:: Source material ::

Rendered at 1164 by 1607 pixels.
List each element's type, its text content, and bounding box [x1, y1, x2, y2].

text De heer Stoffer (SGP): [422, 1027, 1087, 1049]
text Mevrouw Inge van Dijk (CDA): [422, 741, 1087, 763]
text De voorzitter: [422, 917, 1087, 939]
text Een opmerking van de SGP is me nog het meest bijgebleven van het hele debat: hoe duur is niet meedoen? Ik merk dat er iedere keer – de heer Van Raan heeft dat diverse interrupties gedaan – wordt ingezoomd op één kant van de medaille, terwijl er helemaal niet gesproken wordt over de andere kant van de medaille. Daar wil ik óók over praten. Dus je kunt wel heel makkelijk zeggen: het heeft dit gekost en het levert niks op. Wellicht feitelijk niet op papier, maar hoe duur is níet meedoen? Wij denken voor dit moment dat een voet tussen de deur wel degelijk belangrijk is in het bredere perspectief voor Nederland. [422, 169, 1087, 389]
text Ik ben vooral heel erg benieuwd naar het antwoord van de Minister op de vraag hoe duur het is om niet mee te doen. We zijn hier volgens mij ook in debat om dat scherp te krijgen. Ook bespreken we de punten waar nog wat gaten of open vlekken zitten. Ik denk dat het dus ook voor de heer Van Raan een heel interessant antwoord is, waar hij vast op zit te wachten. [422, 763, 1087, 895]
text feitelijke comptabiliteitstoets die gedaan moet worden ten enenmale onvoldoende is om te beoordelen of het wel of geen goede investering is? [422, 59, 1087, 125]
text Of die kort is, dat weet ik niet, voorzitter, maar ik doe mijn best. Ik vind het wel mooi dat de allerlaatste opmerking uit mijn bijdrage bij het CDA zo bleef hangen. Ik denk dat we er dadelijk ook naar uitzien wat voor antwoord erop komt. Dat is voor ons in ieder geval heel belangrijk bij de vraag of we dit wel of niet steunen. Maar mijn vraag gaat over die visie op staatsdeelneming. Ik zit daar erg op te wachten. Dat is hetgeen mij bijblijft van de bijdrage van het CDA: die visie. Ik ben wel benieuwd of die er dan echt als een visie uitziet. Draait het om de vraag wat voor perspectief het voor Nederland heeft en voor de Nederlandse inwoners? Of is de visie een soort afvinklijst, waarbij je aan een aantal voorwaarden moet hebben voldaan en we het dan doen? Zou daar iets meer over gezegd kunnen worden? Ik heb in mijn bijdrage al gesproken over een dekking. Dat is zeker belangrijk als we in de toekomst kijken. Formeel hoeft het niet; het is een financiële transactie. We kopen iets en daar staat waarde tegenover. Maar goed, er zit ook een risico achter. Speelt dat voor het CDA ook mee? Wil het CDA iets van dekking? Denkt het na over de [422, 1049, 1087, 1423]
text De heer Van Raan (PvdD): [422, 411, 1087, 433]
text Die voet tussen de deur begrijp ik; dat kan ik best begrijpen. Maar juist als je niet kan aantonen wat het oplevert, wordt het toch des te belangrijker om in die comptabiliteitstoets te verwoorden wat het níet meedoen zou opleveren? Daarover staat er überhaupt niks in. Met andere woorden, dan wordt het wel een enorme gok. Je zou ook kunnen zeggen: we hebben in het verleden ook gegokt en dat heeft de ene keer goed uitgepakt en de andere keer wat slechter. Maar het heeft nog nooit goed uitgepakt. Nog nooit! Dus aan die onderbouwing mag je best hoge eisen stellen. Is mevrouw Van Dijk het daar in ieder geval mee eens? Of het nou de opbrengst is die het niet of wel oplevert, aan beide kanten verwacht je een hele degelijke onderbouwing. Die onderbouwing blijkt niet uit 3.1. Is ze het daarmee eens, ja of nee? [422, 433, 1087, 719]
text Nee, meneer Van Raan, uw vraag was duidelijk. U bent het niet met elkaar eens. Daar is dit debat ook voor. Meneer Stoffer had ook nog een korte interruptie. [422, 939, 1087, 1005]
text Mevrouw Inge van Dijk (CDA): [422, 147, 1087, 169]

:::
:: Source material ::

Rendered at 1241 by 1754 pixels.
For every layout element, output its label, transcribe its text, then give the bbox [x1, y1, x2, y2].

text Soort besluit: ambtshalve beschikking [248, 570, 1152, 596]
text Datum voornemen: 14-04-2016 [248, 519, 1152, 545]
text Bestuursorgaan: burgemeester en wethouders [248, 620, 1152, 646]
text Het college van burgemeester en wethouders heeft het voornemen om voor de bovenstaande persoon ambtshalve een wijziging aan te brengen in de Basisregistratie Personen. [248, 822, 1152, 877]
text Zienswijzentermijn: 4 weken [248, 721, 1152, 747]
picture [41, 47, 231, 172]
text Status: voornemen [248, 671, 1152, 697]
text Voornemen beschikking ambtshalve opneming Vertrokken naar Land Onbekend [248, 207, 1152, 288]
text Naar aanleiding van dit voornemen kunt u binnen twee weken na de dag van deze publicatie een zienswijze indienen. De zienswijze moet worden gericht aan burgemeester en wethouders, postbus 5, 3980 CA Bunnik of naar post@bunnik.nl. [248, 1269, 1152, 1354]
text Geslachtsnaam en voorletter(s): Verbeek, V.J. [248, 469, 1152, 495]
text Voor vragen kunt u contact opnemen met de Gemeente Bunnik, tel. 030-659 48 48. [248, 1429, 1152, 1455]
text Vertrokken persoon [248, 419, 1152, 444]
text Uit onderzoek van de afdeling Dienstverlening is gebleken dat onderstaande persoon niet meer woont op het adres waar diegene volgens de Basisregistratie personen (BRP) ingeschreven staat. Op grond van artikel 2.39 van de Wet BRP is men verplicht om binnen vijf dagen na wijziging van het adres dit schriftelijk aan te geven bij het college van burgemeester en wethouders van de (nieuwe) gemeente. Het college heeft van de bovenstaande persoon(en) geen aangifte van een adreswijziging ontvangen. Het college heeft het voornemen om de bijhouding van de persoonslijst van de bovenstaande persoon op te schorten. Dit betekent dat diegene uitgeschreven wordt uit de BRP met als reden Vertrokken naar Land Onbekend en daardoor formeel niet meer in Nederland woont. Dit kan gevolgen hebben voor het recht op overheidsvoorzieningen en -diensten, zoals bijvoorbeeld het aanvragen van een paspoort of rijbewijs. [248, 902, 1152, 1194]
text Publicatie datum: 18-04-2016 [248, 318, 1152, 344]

:::

> _Brief_
Show every line of the listing in which the string "weken" can be found.

> _Exercise output_
text Zienswijzentermijn: 4 weken [248, 721, 1152, 747]
text Naar aanleiding van dit voornemen kunt u binnen twee weken na de dag van deze publicatie een zienswijze indienen. De zienswijze moet worden gericht aan burgemeester en wethouders, postbus 5, 3980 CA Bunnik of naar post@bunnik.nl. [248, 1269, 1152, 1354]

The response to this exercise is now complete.